BEGIN

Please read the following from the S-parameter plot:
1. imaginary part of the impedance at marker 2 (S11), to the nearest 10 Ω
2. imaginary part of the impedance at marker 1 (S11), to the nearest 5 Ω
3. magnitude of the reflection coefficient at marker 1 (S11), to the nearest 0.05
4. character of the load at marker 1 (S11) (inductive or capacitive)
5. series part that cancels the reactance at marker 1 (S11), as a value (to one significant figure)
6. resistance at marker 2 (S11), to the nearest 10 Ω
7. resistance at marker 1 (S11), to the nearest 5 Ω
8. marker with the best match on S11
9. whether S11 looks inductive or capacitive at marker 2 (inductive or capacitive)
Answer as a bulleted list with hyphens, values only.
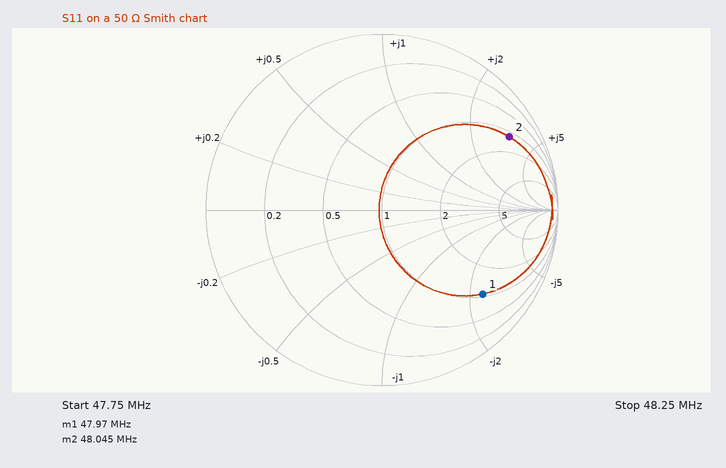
- +170 Ω
- -115 Ω
- 0.75
- capacitive
- 400 nH
- 60 Ω
- 55 Ω
- marker 1
- inductive
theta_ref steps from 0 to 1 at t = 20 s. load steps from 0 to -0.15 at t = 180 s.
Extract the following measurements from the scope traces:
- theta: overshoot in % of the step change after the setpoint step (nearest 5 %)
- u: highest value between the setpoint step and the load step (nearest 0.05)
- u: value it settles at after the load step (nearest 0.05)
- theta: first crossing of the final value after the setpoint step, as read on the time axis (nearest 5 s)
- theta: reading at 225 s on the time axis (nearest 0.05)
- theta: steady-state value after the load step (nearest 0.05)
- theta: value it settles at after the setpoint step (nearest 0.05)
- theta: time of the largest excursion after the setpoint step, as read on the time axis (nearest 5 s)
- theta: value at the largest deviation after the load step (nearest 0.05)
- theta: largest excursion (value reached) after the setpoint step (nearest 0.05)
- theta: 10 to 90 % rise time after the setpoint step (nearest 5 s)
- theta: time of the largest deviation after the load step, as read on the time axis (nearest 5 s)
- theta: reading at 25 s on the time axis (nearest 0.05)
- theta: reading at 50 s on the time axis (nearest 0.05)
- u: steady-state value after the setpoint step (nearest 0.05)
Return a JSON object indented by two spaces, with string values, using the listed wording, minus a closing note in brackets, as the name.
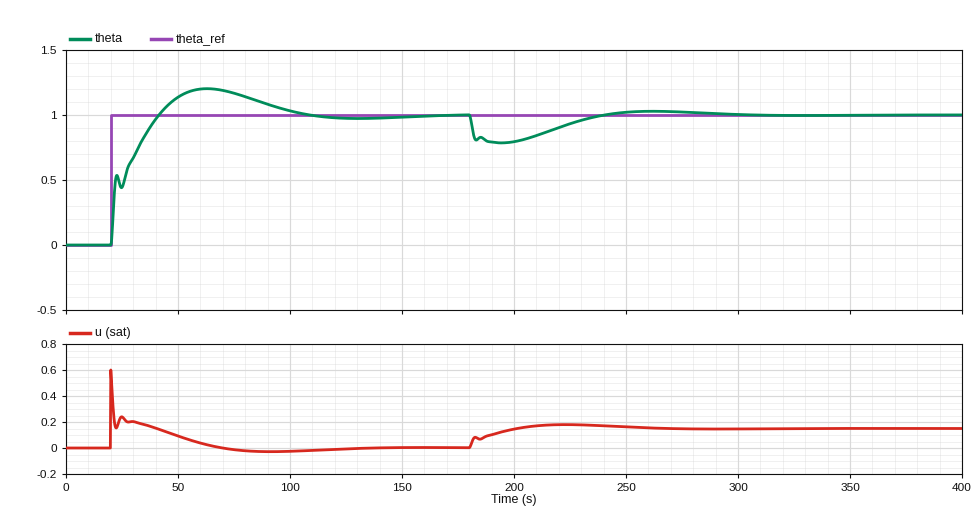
{
  "theta: overshoot in % of the step change after the setpoint step": "20 %",
  "u: highest value between the setpoint step and the load step": "0.60",
  "u: value it settles at after the load step": "0.15",
  "theta: first crossing of the final value after the setpoint step, as read on the time axis": "40 s",
  "theta: reading at 225 s on the time axis": "0.95",
  "theta: steady-state value after the load step": "1.00",
  "theta: value it settles at after the setpoint step": "1.00",
  "theta: time of the largest excursion after the setpoint step, as read on the time axis": "65 s",
  "theta: value at the largest deviation after the load step": "0.80",
  "theta: largest excursion (value reached) after the setpoint step": "1.20",
  "theta: 10 to 90 % rise time after the setpoint step": "15 s",
  "theta: time of the largest deviation after the load step, as read on the time axis": "195 s",
  "theta: reading at 25 s on the time axis": "0.45",
  "theta: reading at 50 s on the time axis": "1.15",
  "u: steady-state value after the setpoint step": "0.00"
}
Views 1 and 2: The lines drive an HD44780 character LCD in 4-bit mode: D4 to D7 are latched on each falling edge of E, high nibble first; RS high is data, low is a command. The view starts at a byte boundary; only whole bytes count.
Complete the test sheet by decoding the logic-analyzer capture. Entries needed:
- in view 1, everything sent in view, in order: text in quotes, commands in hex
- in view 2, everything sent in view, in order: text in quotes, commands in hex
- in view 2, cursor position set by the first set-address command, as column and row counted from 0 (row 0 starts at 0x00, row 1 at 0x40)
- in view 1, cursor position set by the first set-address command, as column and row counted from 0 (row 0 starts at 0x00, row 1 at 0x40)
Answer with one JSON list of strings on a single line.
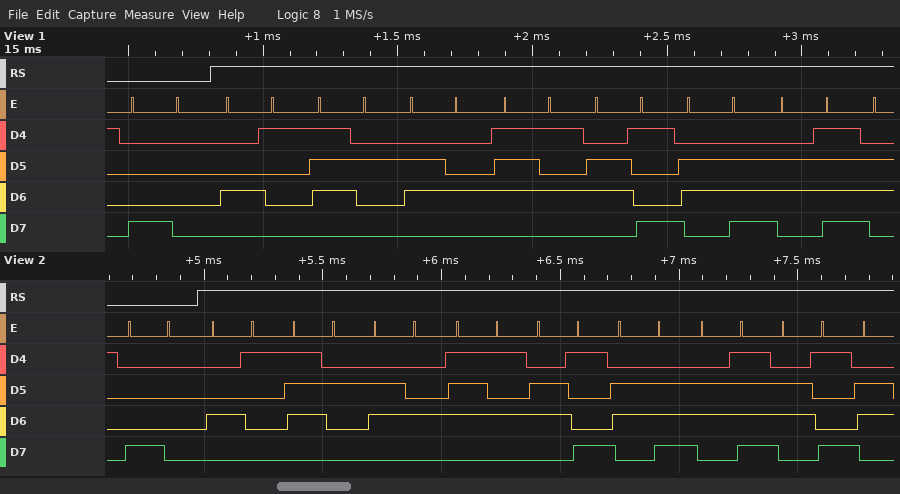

END

▶ **The task**:
Every line above has to be output exactly; the pictures must be dropped.

▶ **Written solution**:
Please read the following from the S-parameter plot:
1. imaginary part of the impedance at marker 2 (S11), to the nearest 10 Ω
2. imaginary part of the impedance at marker 1 (S11), to the nearest 5 Ω
3. magnitude of the reflection coefficient at marker 1 (S11), to the nearest 0.05
4. character of the load at marker 1 (S11) (inductive or capacitive)
5. series part that cancels the reactance at marker 1 (S11), as a value (to one significant figure)
6. resistance at marker 2 (S11), to the nearest 10 Ω
7. resistance at marker 1 (S11), to the nearest 5 Ω
8. marker with the best match on S11
9. whether S11 looks inductive or capacitive at marker 2 (inductive or capacitive)
Answer as a bulleted list with hyphens, values only.
- +170 Ω
- -115 Ω
- 0.75
- capacitive
- 400 nH
- 60 Ω
- 55 Ω
- marker 1
- inductive
theta_ref steps from 0 to 1 at t = 20 s. load steps from 0 to -0.15 at t = 180 s.
Extract the following measurements from the scope traces:
- theta: overshoot in % of the step change after the setpoint step (nearest 5 %)
- u: highest value between the setpoint step and the load step (nearest 0.05)
- u: value it settles at after the load step (nearest 0.05)
- theta: first crossing of the final value after the setpoint step, as read on the time axis (nearest 5 s)
- theta: reading at 225 s on the time axis (nearest 0.05)
- theta: steady-state value after the load step (nearest 0.05)
- theta: value it settles at after the setpoint step (nearest 0.05)
- theta: time of the largest excursion after the setpoint step, as read on the time axis (nearest 5 s)
- theta: value at the largest deviation after the load step (nearest 0.05)
- theta: largest excursion (value reached) after the setpoint step (nearest 0.05)
- theta: 10 to 90 % rise time after the setpoint step (nearest 5 s)
- theta: time of the largest deviation after the load step, as read on the time axis (nearest 5 s)
- theta: reading at 25 s on the time axis (nearest 0.05)
- theta: reading at 50 s on the time axis (nearest 0.05)
- u: steady-state value after the setpoint step (nearest 0.05)
Return a JSON object indented by two spaces, with string values, using the listed wording, minus a closing note in brackets, as the name.
{
  "theta: overshoot in % of the step change after the setpoint step": "20 %",
  "u: highest value between the setpoint step and the load step": "0.60",
  "u: value it settles at after the load step": "0.15",
  "theta: first crossing of the final value after the setpoint step, as read on the time axis": "40 s",
  "theta: reading at 225 s on the time axis": "0.95",
  "theta: steady-state value after the load step": "1.00",
  "theta: value it settles at after the setpoint step": "1.00",
  "theta: time of the largest excursion after the setpoint step, as read on the time axis": "65 s",
  "theta: value at the largest deviation after the load step": "0.80",
  "theta: largest excursion (value reached) after the setpoint step": "1.20",
  "theta: 10 to 90 % rise time after the setpoint step": "15 s",
  "theta: time of the largest deviation after the load step, as read on the time axis": "195 s",
  "theta: reading at 25 s on the time axis": "0.45",
  "theta: reading at 50 s on the time axis": "1.15",
  "u: steady-state value after the setpoint step": "0.00"
}
Views 1 and 2: The lines drive an HD44780 character LCD in 4-bit mode: D4 to D7 are latched on each falling edge of E, high nibble first; RS high is data, low is a command. The view starts at a byte boundary; only whole bytes count.
Complete the test sheet by decoding the logic-analyzer capture. Entries needed:
- in view 1, everything sent in view, in order: text in quotes, commands in hex
- in view 2, everything sent in view, in order: text in quotes, commands in hex
- in view 2, cursor position set by the first set-address command, as column and row counted from 0 (row 0 starts at 0x00, row 1 at 0x40)
- in view 1, cursor position set by the first set-address command, as column and row counted from 0 (row 0 starts at 0x00, row 1 at 0x40)
Answer with one JSON list of strings on a single line.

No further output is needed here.